第1部 遥か遠き孤島の叫び エピローグ 黒衣の者
アーガス国。
活気に溢れる市場では笑い声や怒鳴り声が飛び交っている。
人々の間に挟まれながら、目的である酒を買い、家路につこうとしている老人がいた。
ようやく喧騒から逃れ、薄暗い路地で一息ついたところだった。
その老人、元は剣の達人、元はアーガス国伝説の剣士、クラシェイカ。
伝説と呼ばれながらも、その話は若かりし頃の話であって、実際のクラシェイカの姿などは僅かな人間しか知らない。
市場のような何百人もの人がいる中で、元英雄的剣士を見つけることなどは不可能に近い。
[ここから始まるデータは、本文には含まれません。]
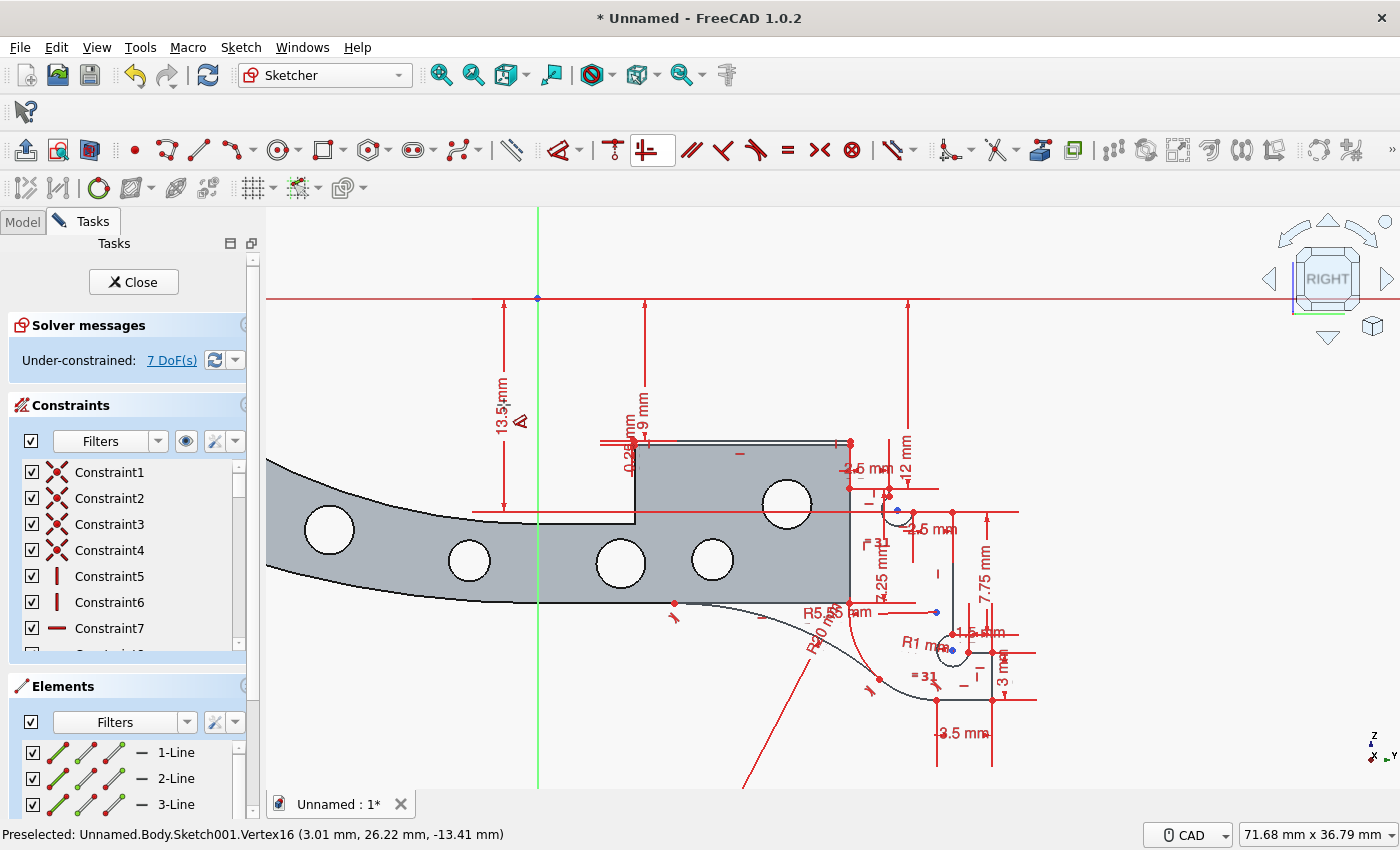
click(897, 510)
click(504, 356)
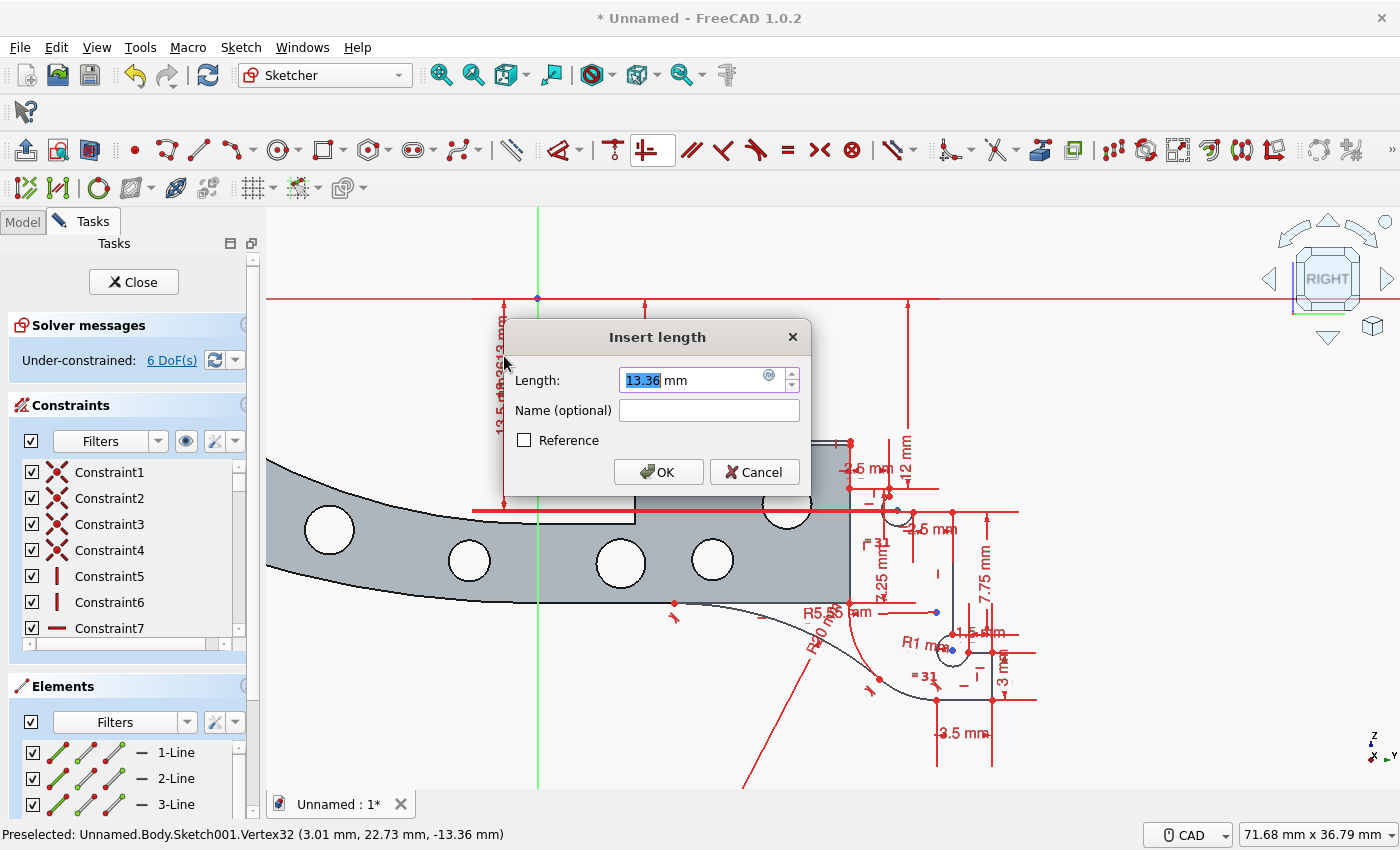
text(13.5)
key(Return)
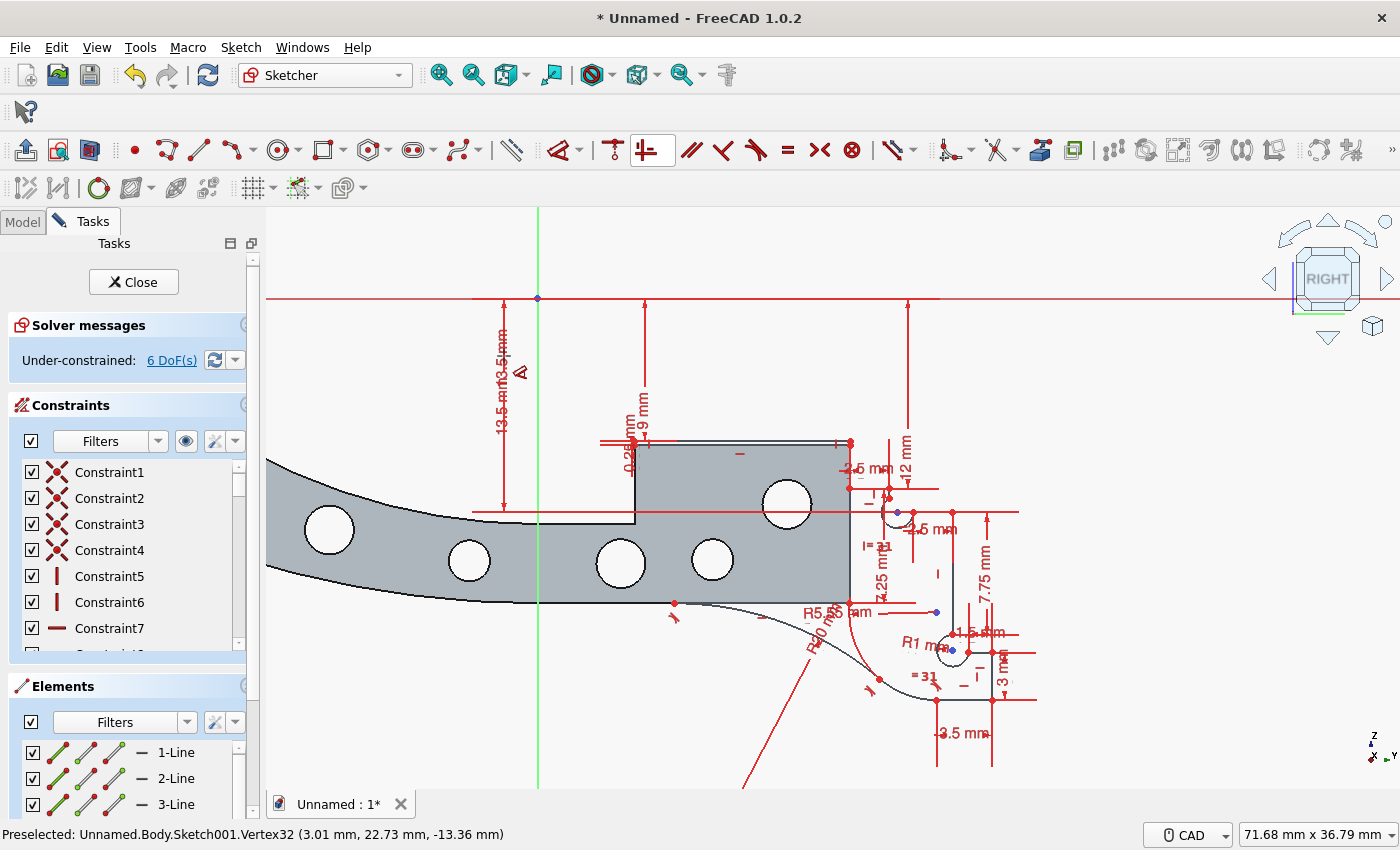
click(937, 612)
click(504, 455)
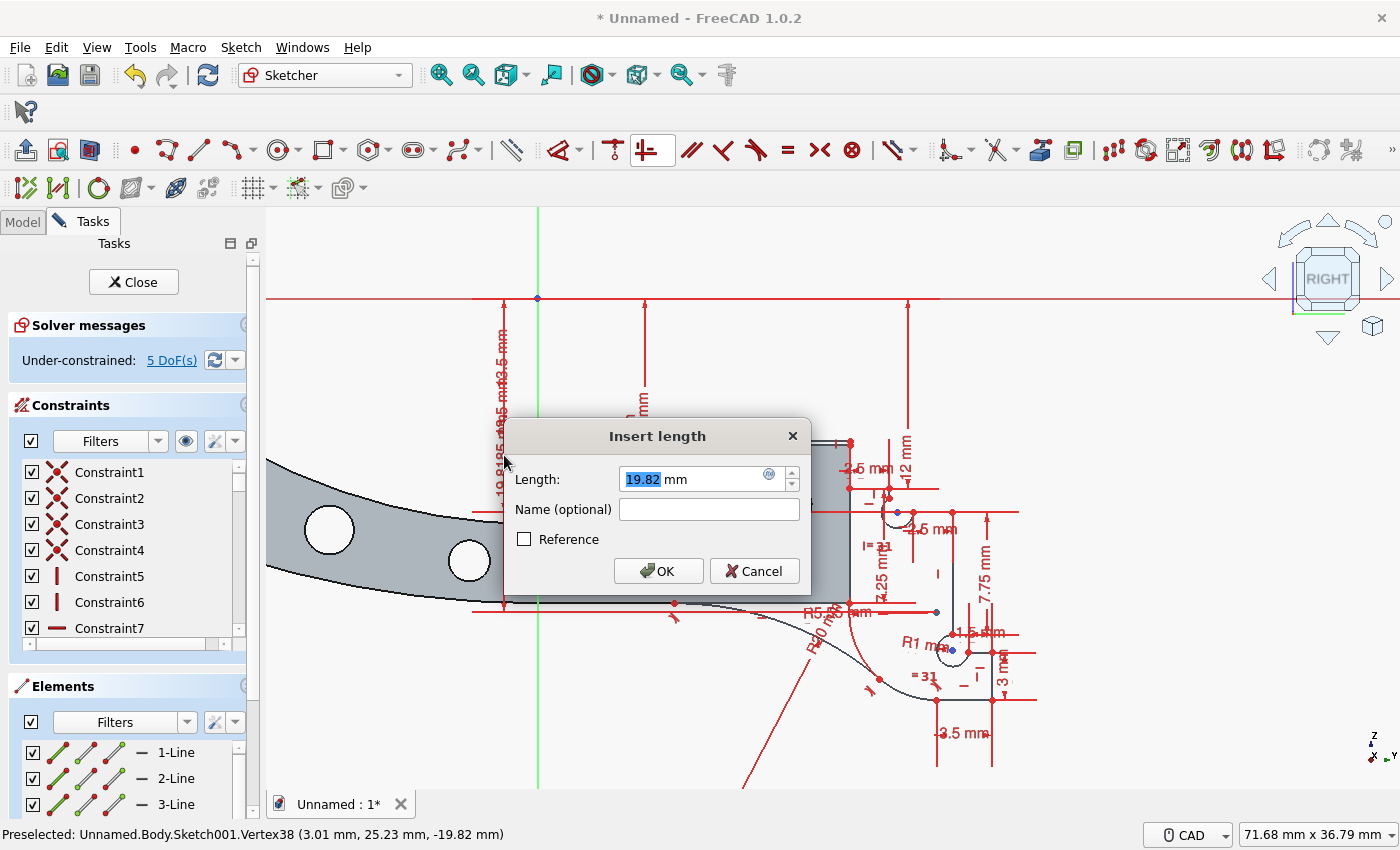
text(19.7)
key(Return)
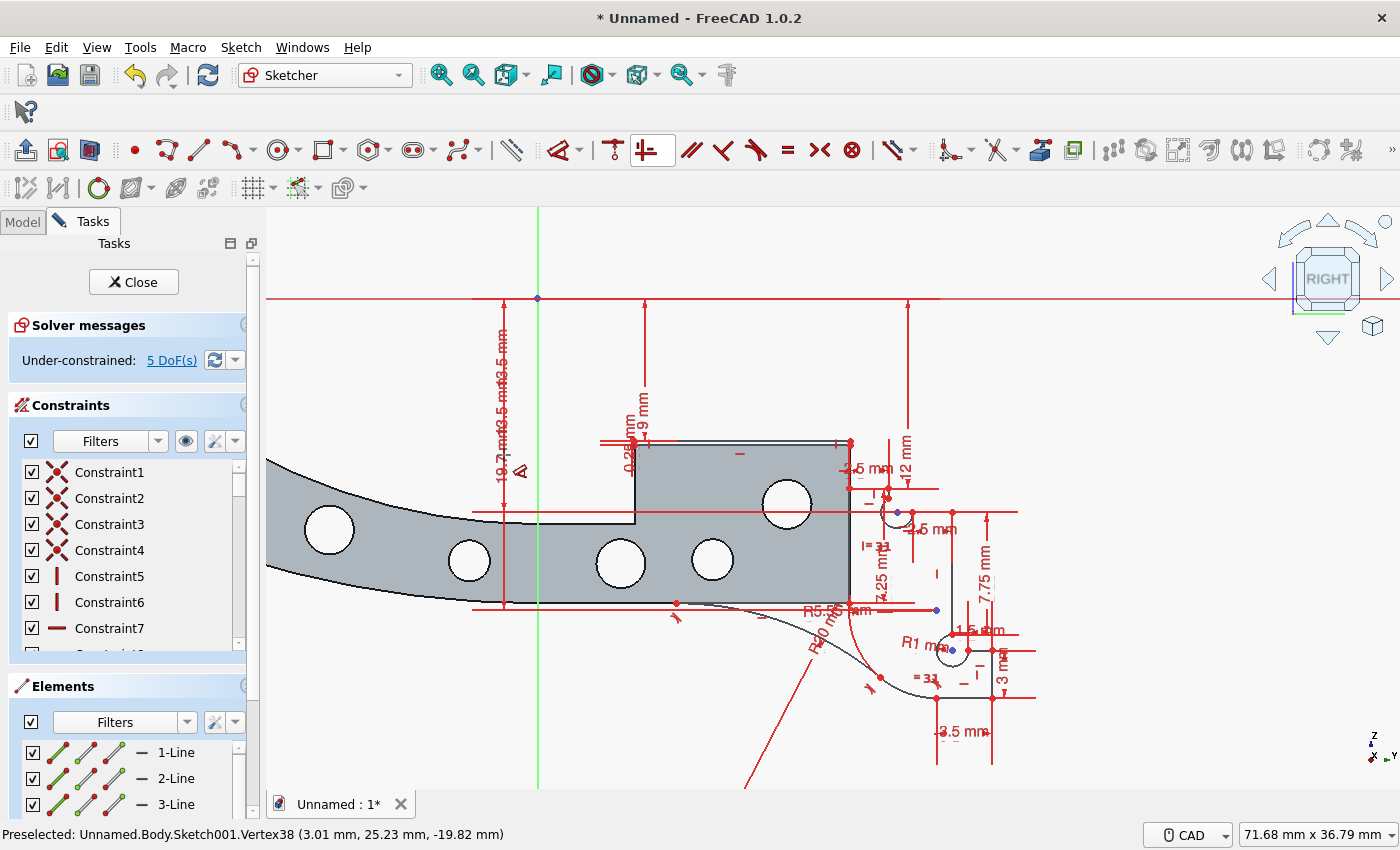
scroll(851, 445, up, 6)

クラシェイカ本人もいちいち騒がれるのは苦手だったため、今の状態は悪いとは思っていない。
持病になってしまった腰をさすりながら、クラシェイカは家に着いた。
扉に手をかけようとしたが、止まる。
家の中に気配を感じたからだ。この気配は弟子のハッシュではない。初めて感じる気配。不思議な気配。善でもなく悪でもない読み取れない気配だった。
警戒しながら扉を開けると、頭まで黒い衣を纏った人間がいた。殺気は感じられない。
「何者じゃ」
クラシェイカの問いかけに、黒衣の者は身体を震わせて、頭のかぶりをとった。
そこには見惚れるほどの美しさを醸し出して、更には整った顔立ちの少年だった。
黒衣の少年は深々と頭を下げた。
「勝手に入ってしまって…すみません」
その少し高い声がますます美しい容姿と重なった。
クラシェイカはどこにも行かず、自分の家に来たこの黒衣の少年に対して、真っ先に感じた。
「名はなんという」
クラシェイカの質問に少年は頷いて。
「…ルシアと言います」
少年、ルシアの瞳をクラシェイカはじっと見つめた。思いはやがて確信と変わり、静かに呟いた。